Designer Darryl Carter’s 9,000-square-foot playground on Embassy Row exudes timeless style, comfort and a touch of humor.

Carter, who refers to himself as an “apartment dweller” spends most of his time in his bedroom. The bedframe was designed by Carter.

Walking into designer Darryl Carter’s Beaux Arts home, formerly the Embassy of Oman, is akin to entering a different dimension, one where basic interior design rules as we know them hold no weight. In the foyer alone there is an antique rug cut, resewn, and flipped on its backside, pieces of art hung waist-height, a stack of granite slabs on the floor and a headless horse. The “We’re not in Kansas anymore,” sentiment strengthens after ascending to the formal dining room where a massive gilded mirror from the late psychic Jeane Dixon’s estate hangs behind a tangle of white metal bars Carter recently installed after getting bored with the traditional piece.
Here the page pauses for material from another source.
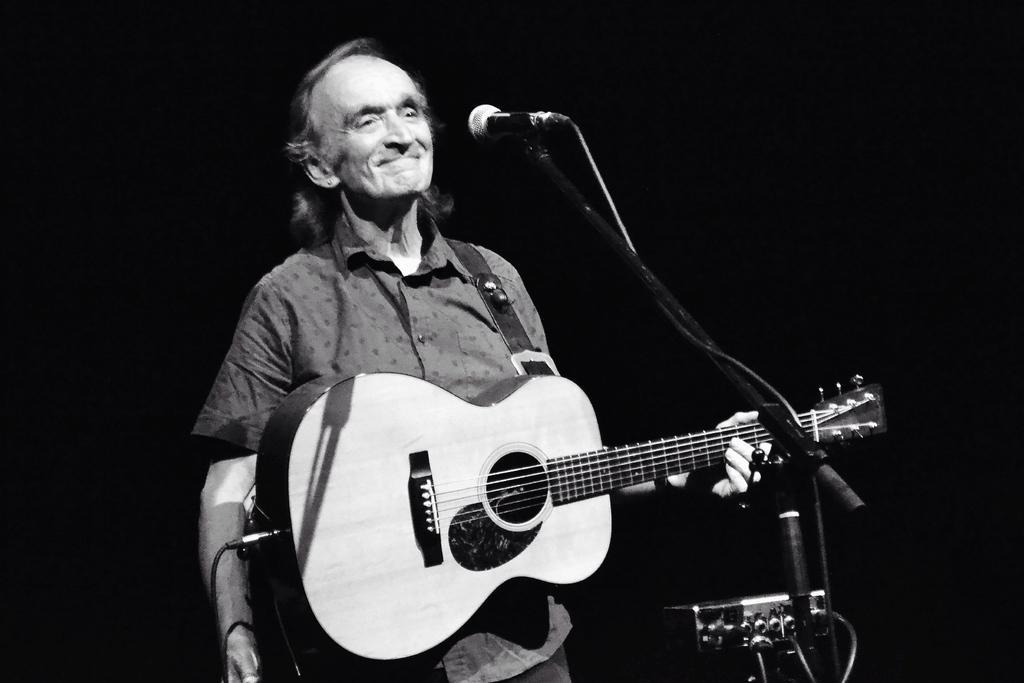How would you summarize this image in a sentence or two? This picture shows a man holding a guitar and smiling, standing in front of a microphone and a stand here. There is dark in the background. 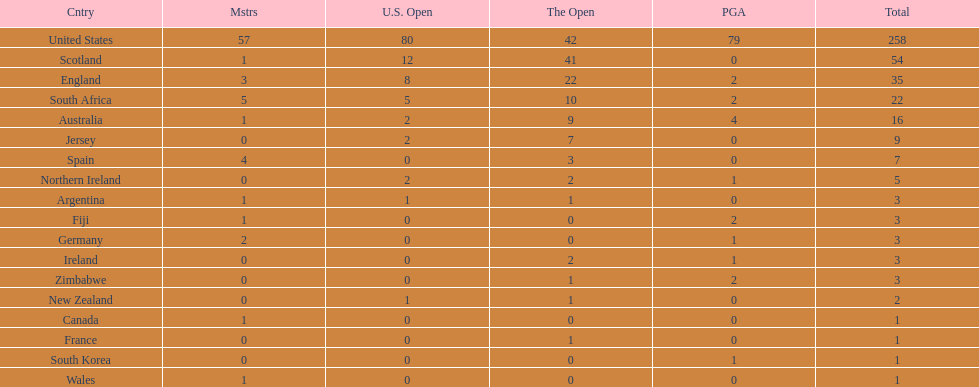What are the number of pga winning golfers that zimbabwe has? 2. Could you help me parse every detail presented in this table? {'header': ['Cntry', 'Mstrs', 'U.S. Open', 'The Open', 'PGA', 'Total'], 'rows': [['United States', '57', '80', '42', '79', '258'], ['Scotland', '1', '12', '41', '0', '54'], ['England', '3', '8', '22', '2', '35'], ['South Africa', '5', '5', '10', '2', '22'], ['Australia', '1', '2', '9', '4', '16'], ['Jersey', '0', '2', '7', '0', '9'], ['Spain', '4', '0', '3', '0', '7'], ['Northern Ireland', '0', '2', '2', '1', '5'], ['Argentina', '1', '1', '1', '0', '3'], ['Fiji', '1', '0', '0', '2', '3'], ['Germany', '2', '0', '0', '1', '3'], ['Ireland', '0', '0', '2', '1', '3'], ['Zimbabwe', '0', '0', '1', '2', '3'], ['New Zealand', '0', '1', '1', '0', '2'], ['Canada', '1', '0', '0', '0', '1'], ['France', '0', '0', '1', '0', '1'], ['South Korea', '0', '0', '0', '1', '1'], ['Wales', '1', '0', '0', '0', '1']]}

Nothing is complete until it is messed with, he says, pointing to countless examples of toyed-with decor that constitute what the self-described “homebody” calls his 9,000-square-foot laboratory. Carter’s knack for repurposing and reinvention is what fuels him to think differently and problem solve while mixing old and new, unbound by trend or tradition.

The abundance of character Carter’s style exudes is a reflection of his backwards entrance into the field of design. His foray into practicing law with his father ended shortly after his elegant Kalorama Triangle condominium was featured in a book and subsequently the cover of Metropolitan Homes magazine. Despite having no formal training, a steady stream of wealthy, rarefied clients (none of whose names he will divulge) fell into his lap and the artistic journey he had always yearned for began. In retrospect, Carter can pinpoint telling signs of a creative itch.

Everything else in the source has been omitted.